Constructing high-frequency/high-quality factor plasmonic nanoresonators will be attractive for cavity optomechanics and electromechanics applications^4,20, where strongly coupled systems with low losses are needed to observe effects such as Rabi splitting and electromagnetically induced transparency^21,22. However, the large damping rates that have been reported for plasmonic resonators to date makes strong coupling an unattainable regime^23,24,25,26. Here we improved the vibrational quality factor of Au nanoplates by an order of magnitude by blocking the out-propagating acoustic waves. The resonators have mechanical fundamental modes with average frequency quality factor products of \(f \times Q = 1.0 \times 10^{13}\) Hz at room temperature. Strong coupling between the vibrational modes of two nanoplates was observed with a coupling rate \(g = 7.5 \pm 1.2\) GHz and a value of \(g/\omega = 0.14\) was obtained indicating the coupling strength is comparable to the natural frequency of the mechanical resonator.

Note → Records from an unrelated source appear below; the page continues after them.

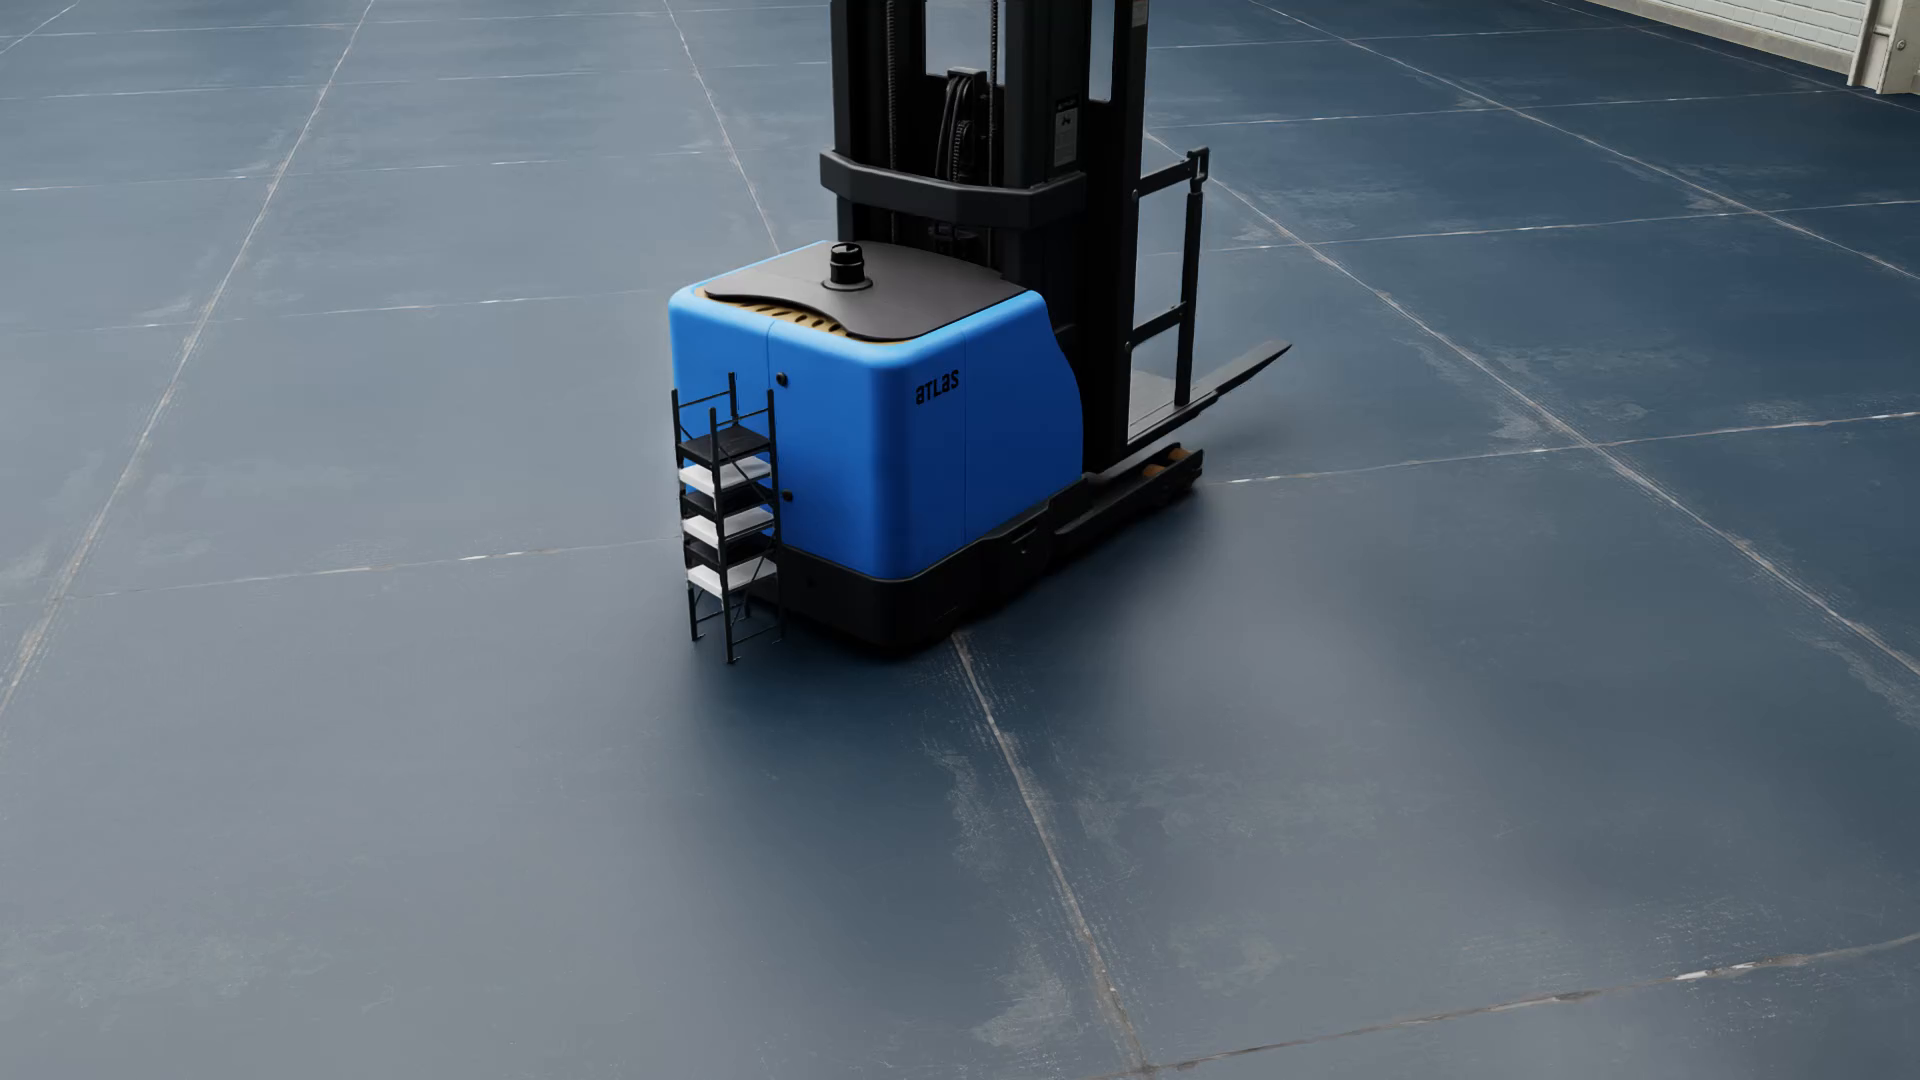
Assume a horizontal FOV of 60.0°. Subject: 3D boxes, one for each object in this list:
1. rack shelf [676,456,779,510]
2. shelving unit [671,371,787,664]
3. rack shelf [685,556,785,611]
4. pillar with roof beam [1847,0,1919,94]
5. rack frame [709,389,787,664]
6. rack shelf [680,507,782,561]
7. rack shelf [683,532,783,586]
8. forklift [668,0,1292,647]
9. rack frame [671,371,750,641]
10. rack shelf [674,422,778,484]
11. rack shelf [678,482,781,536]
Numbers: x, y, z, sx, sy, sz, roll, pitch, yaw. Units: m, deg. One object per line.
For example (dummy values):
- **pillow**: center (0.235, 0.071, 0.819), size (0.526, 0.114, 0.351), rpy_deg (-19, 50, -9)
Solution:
- **rack shelf**: center (-0.742, -0.198, 5.317), size (0.258, 0.077, 0.200), rpy_deg (-23, 35, -37)
- **shelving unit**: center (-0.742, -0.067, 5.383), size (0.258, 0.900, 0.210), rpy_deg (-23, 35, -37)
- **rack shelf**: center (-0.742, 0.124, 5.480), size (0.258, 0.077, 0.200), rpy_deg (-23, 35, -37)
- **pillar with roof beam**: center (3.289, -7.257, 10.641), size (9.100, 9.000, 0.400), rpy_deg (-6, 27, -12)
- **rack frame**: center (-0.672, -0.033, 5.317), size (0.240, 0.900, 0.006), rpy_deg (-23, 35, -37)
- **rack shelf**: center (-0.742, -0.037, 5.398), size (0.258, 0.077, 0.200), rpy_deg (-23, 35, -37)
- **rack shelf**: center (-0.742, 0.043, 5.439), size (0.258, 0.077, 0.200), rpy_deg (-23, 35, -37)
- **forklift**: center (0.315, -1.560, 6.088), size (1.130, 2.935, 3.031), rpy_deg (19, 33, 33)
- **rack frame**: center (-0.811, -0.100, 5.450), size (0.240, 0.900, 0.006), rpy_deg (-23, 35, -37)
- **rack shelf**: center (-0.742, -0.278, 5.277), size (0.258, 0.077, 0.200), rpy_deg (-23, 35, -37)
- **rack shelf**: center (-0.742, -0.117, 5.358), size (0.258, 0.077, 0.200), rpy_deg (-23, 35, -37)
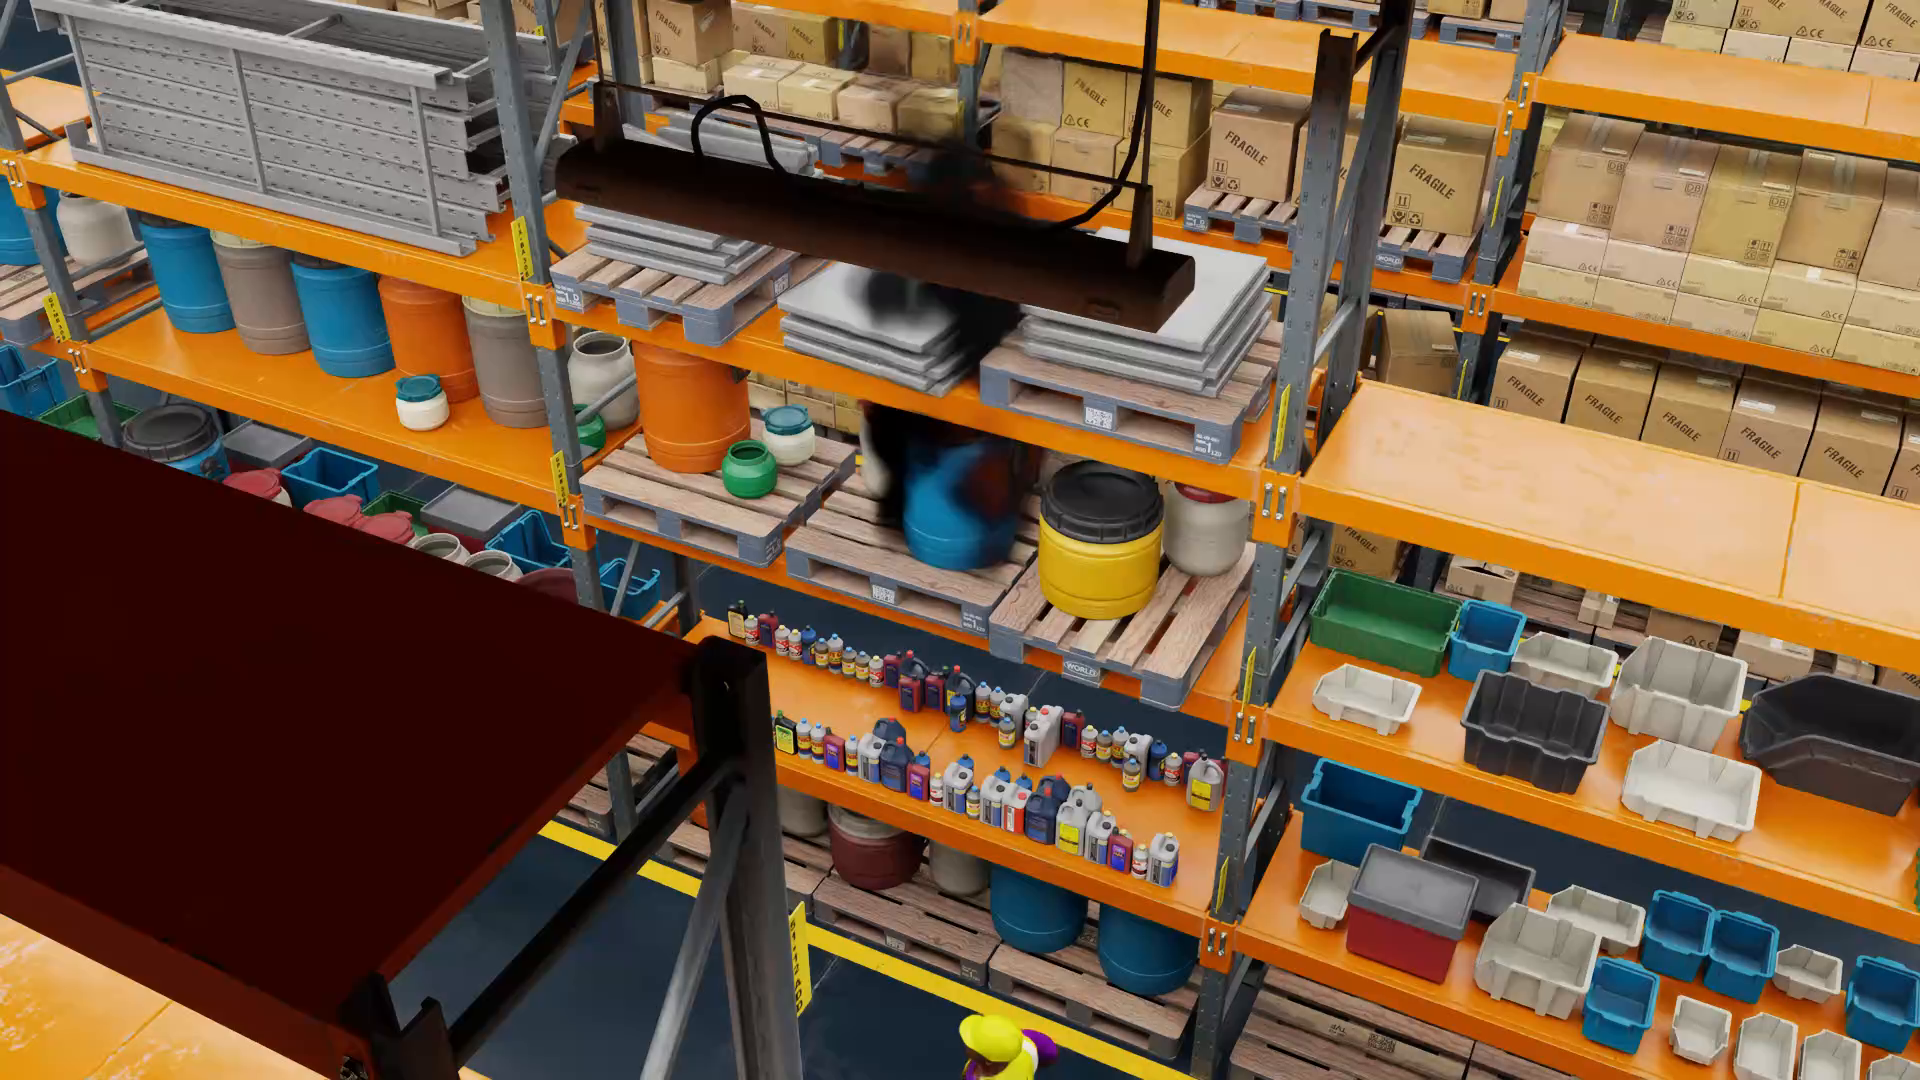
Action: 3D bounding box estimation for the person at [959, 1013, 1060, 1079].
[{"bbox_3d":[0.117,2.820,7.842,0.830,1.770,0.731,11,37,16],"label":"person"}]

The observation of strong vibrational coupling between two plasmonic nanoresonators has not been previously reported, and is an important step for achieving quantum control of the mechanical modes of nanostructures.

Results

Quality factor improvement of plasmonic nanoresonators

Au nanoplates were chemically synthesized based on previous studies (see Methods for details)²⁷. The majority of the sample was made up of hexagonal and triangle plates with average edge lengths of 10–20 μm as shown in Supplementary Fig. 1. The thickness of the Au nanoplates was determined by atomic force microscopy (AFM), and a representative AFM image is shown in Supplementary Fig. 2. Note that the in-plane shape had no influence on the thickness-dependent mechanical vibrations and damping for the large aspect ratio nanoplates in this work. The crystallographic structure of the Au nanoplates was characterized and gave a hexagonal symmetry diffraction pattern demonstrating single crystal nanoplates where the surfaces are {111} planes, as shown in Supplementary Fig. 3^27,28.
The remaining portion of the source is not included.